- Education: Monash University
- Occupation: Journalist
- Website: Annika Smethurst on X

= Annika Smethurst =

Australian journalist

Annika Smethurst is an Australian journalist. She is the state political editor for The Age newspaper in Melbourne.

==Early life and education==
Smethurst graduated from Girton Grammar School in Bendigo, Victoria in 2005. She studied journalism and international studies at Monash University, beginning her degree in 2007 and completing her honours thesis in journalism in 2010. She spent a semester of her degree at Bishop's University in Quebec, Canada.

==Career==
After graduating in 2010, Smethurst began a traineeship with News Corp Australia.

In 2012, while a reporter at the Bendigo Weekly, Smethurst played an important role covering the Jill Meagher missing person case and homicide investigation. Smethurst lived close to Meagher's house at the time and said that covering the story was difficult for her.

In June 2012, Smethurst joined the Herald Sun reporting team. In 2013, Smethurst and her colleagues, James Campbell, Matt Johnston, Michelle Ainsworth and Mitchell Toy, were nominated for a Walkley Award for their investigation into the back-room dealings of the office of the then Victorian premier Ted Baillieu, which exposed secret conversations between the premier's chief of staff and Tristan Weston, an adviser to the deputy premier Peter Ryan.
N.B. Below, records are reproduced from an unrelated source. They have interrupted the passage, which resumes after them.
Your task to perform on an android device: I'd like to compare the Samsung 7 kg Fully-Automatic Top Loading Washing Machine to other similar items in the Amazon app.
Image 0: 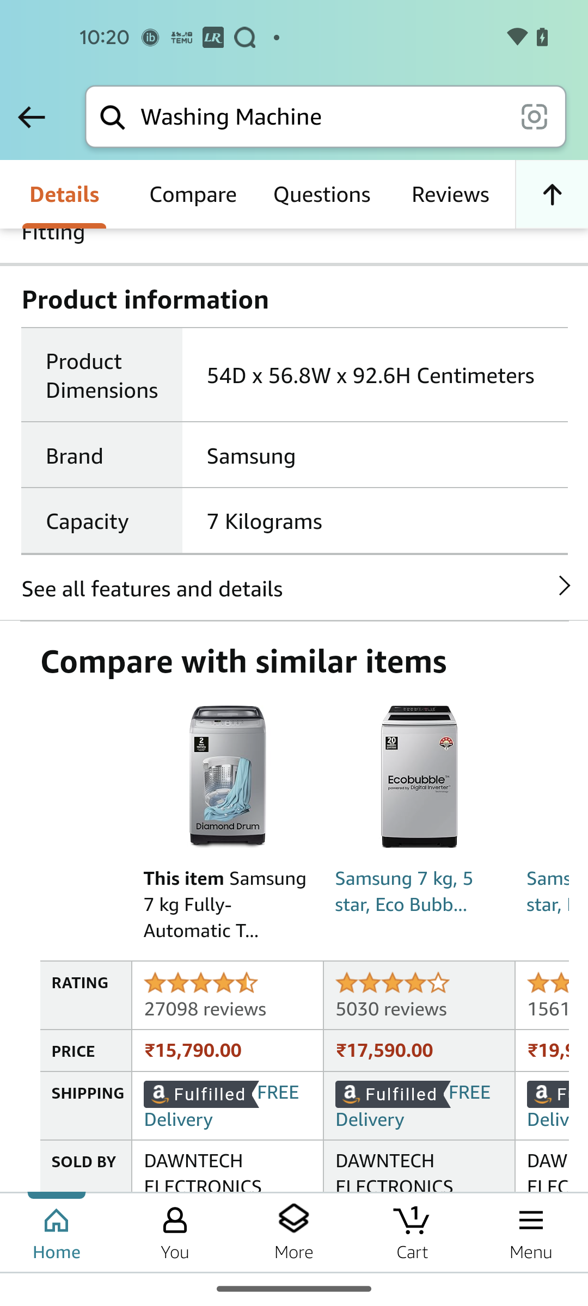
Click on the Compare option
Step 0: click (193, 196)
Image 1: 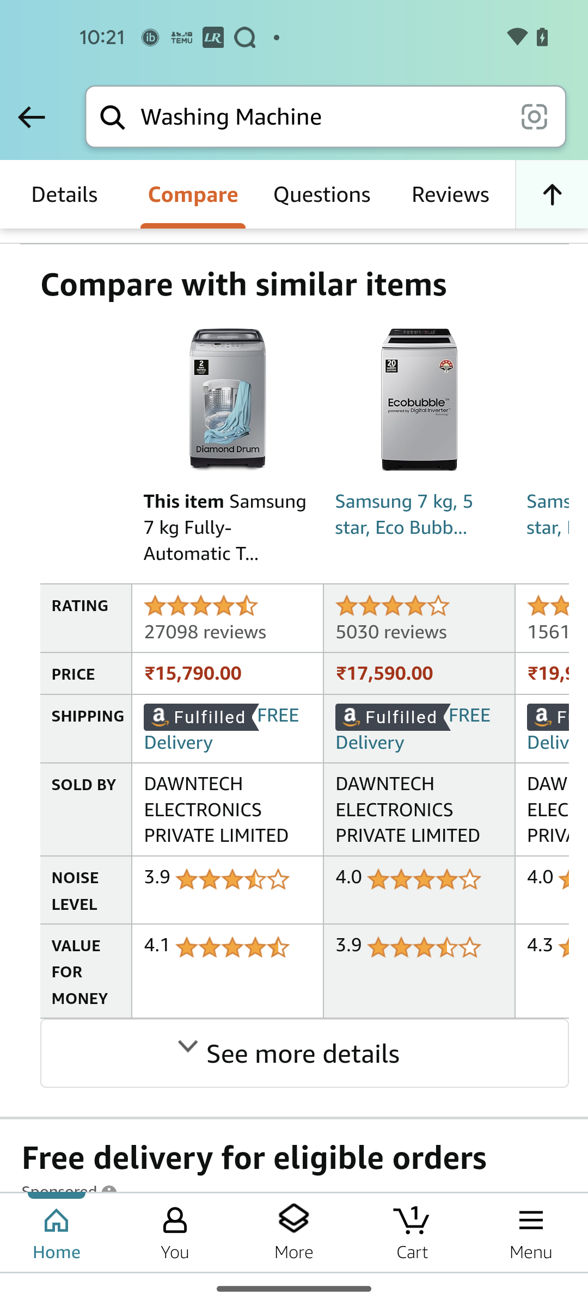
Click on See more details
Step 1: click (304, 1054)

Smethurst joined the Herald Suns Canberra team in 2015. In December 2015, she won the 2015 Walkley Award for All Media Scoop of the Year for her investigation of the "Choppergate" expenses scandal involving Bronwyn Bishop's inappropriate use of parliamentary travel entitlements. She also won two Melbourne Press Club Quill Awards for her work on Choppergate.

In 2017, Smethurst won her second Walkley Award, also in the Scoop of the Year category, for her story about taxpayer-funded trips to the Gold Coast made by Sussan Ley MP, to buy a flat. Ley was forced to resign as Health Minister as a result of the scandal.

In 2020, her book, On Secrets, was published by Hachette.

===Espionage exclusive and AFP raid===
On 4 June 2019, the Australian Federal Police raided Smethurst's home over a story she published in 2018. She had been reporting on "alleged plans to allow greater surveillance of Australian citizens", with agents searching her computer, phone, and home. At the time of the raid, she was the political editor of Sydney's The Sunday Telegraph. In her original report in April 2018, she "revealed top secret emails between Department of Home Affairs Secretary Mike Pezzullo and Department of Defence Secretary Greg Moriarty, discussing a plan to allow the cyber spy agency to snoop on Australian citizens". A "tepid" response to the raid, which included going through her cookbooks and underwear, from the prime minister resulted in criticism from the press and organisations such as the Australian Lawyers Alliance. News Corp called it a "dangerous act of intimidation". The AFP confirmed the raid was not only to uncover her source, but to potentially look into Smethurst and News Corp as targets for a criminal charge.

On 15 April 2020, the High Court of Australia ruled that the search warrant used in the raid was invalid.

On 27 May 2020 the AFP announced that Smethurst would not be charged over her stories that "...relied on classified intelligence documents".